- The sculpture in 2021
- Subject: Buddha
- Location: Salt Lake City, Utah, United States
- 40°44′49.9″N 111°55′12.1″W﻿ / ﻿40.747194°N 111.920028°W

= Preaching Buddha (Salt Lake City) =

Sculpture in Salt Lake City, Utah, U.S.

Preaching Buddha is a bronze bas-relief sculpture located in the International Peace Gardens at 9th West and 10th South, Salt Lake City, Utah.
Dedicated in 1965, the artwork, which measures approximately 35 x 18 x 7 inches (89 x 46 x 18 cm), depicts Buddha seated on a lotus blossom.
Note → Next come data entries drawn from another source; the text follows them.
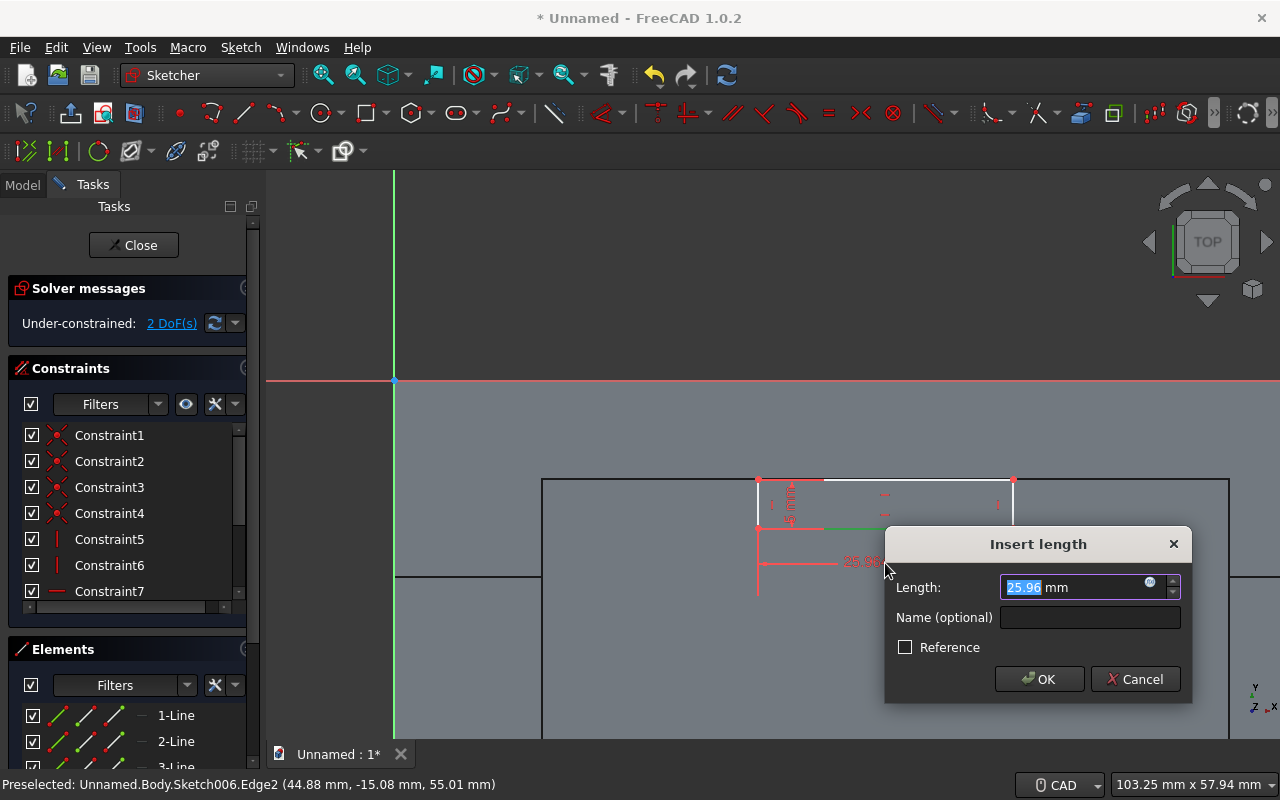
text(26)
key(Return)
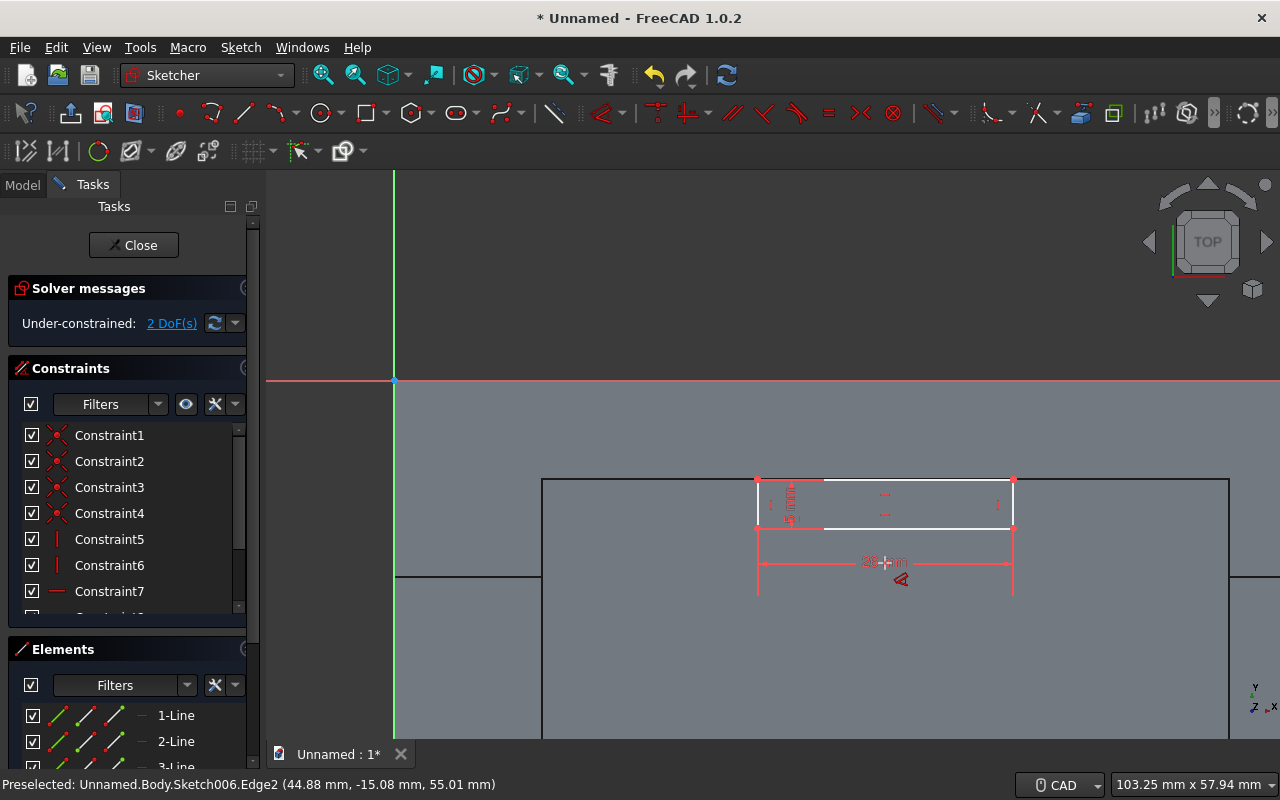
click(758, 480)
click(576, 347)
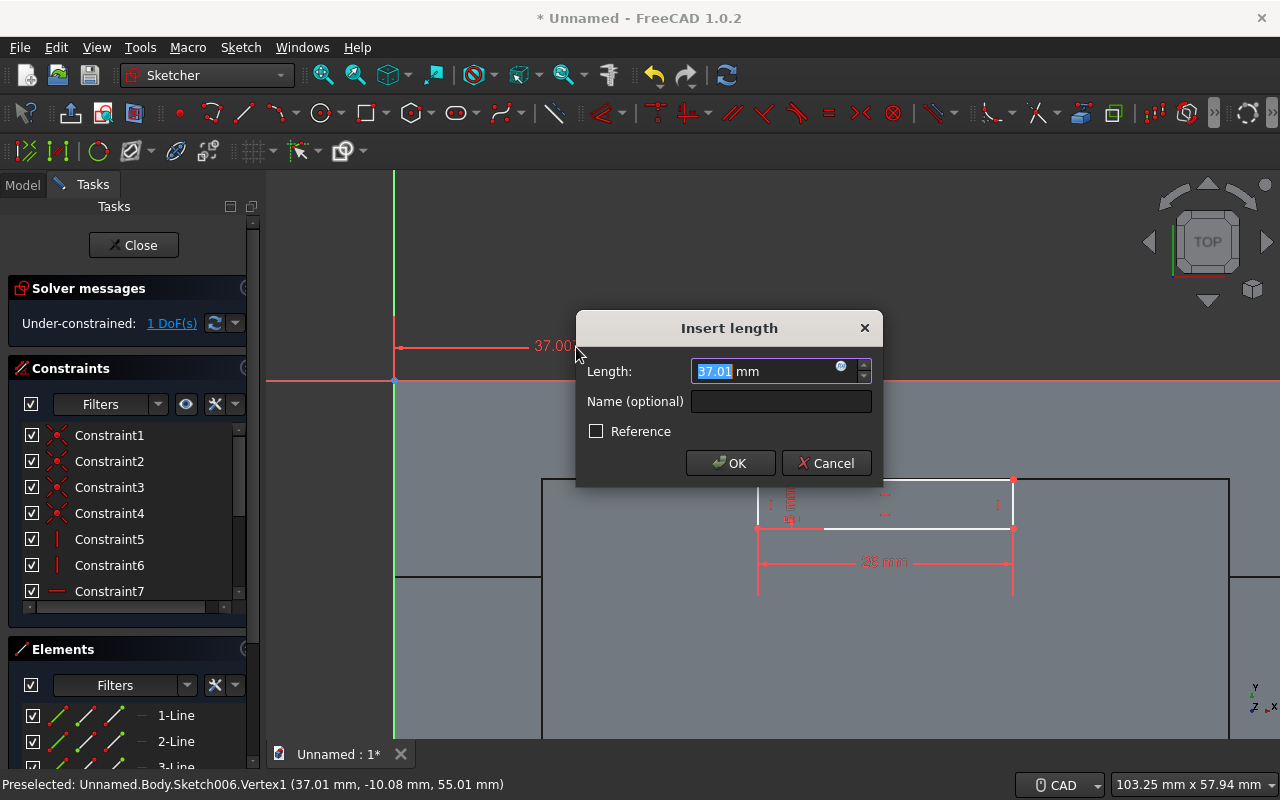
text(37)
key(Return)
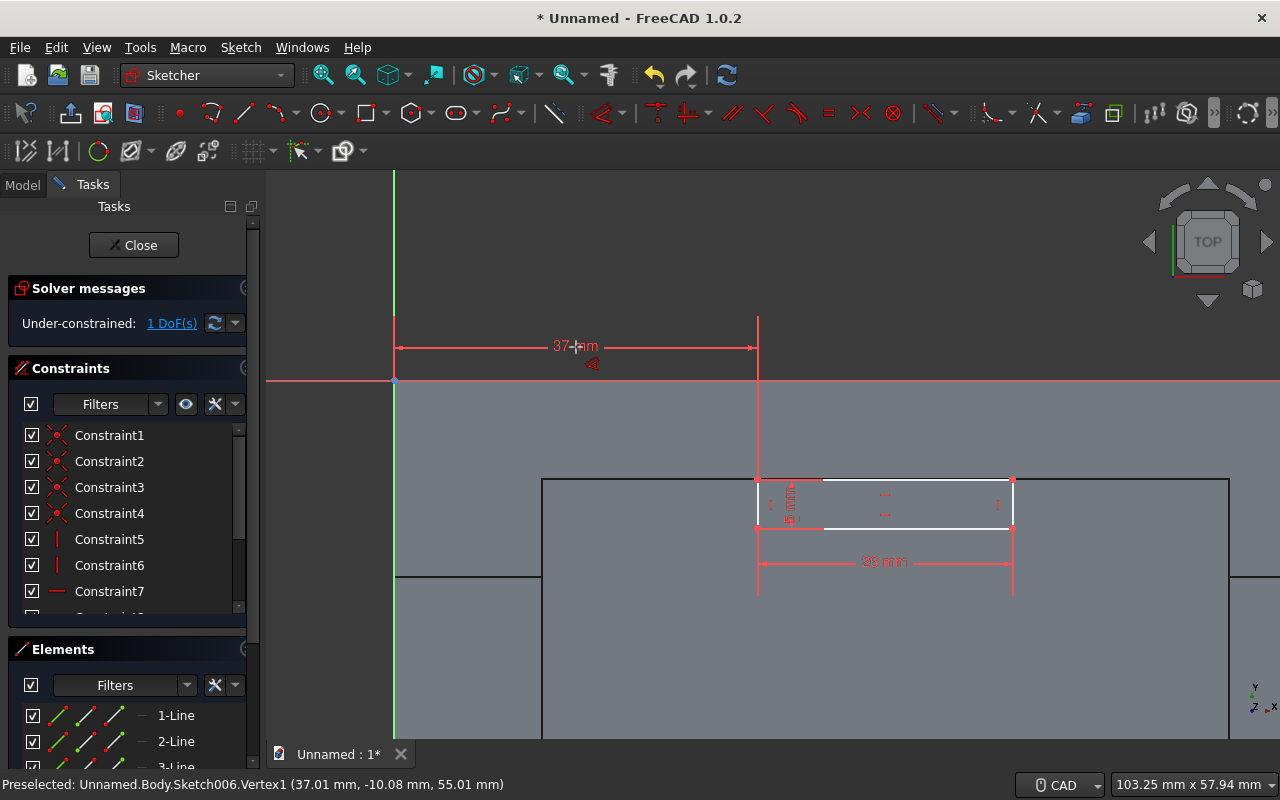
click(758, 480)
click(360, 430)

It was presented by India's Ministry of Education to the International Peace Gardens. The sculpture is part of the Indian Garden section, promoting cultural understanding and world peace. It is set on a concrete base with a plaque detailing its dedication.

==Description and history==
The bronze bas-relief, which depicts Buddha on a lotus blossom, is set within a concrete base. Dedicated in 1965, the artwork measures approximately 35 x 18 x 7 in. A nearby plaque reads:

PREACHING BUDDHA / PRESENTED BY / GOVERNMENT OF INDIA / MINISTRY OF EDUCATION / TO / INTERNATIONAL PEACE GARDENS / BY / CONSUL GENERAL, P. N. MENON / DEDICATED APRIL 22, 1965

The sculpture's dedication was to coincide with Utah's Pioneer Centennial in 1947. However, World War II interrupted progress.

The artwork was surveyed by the Smithsonian Institution's "Save Outdoor Sculpture!" program in 1993.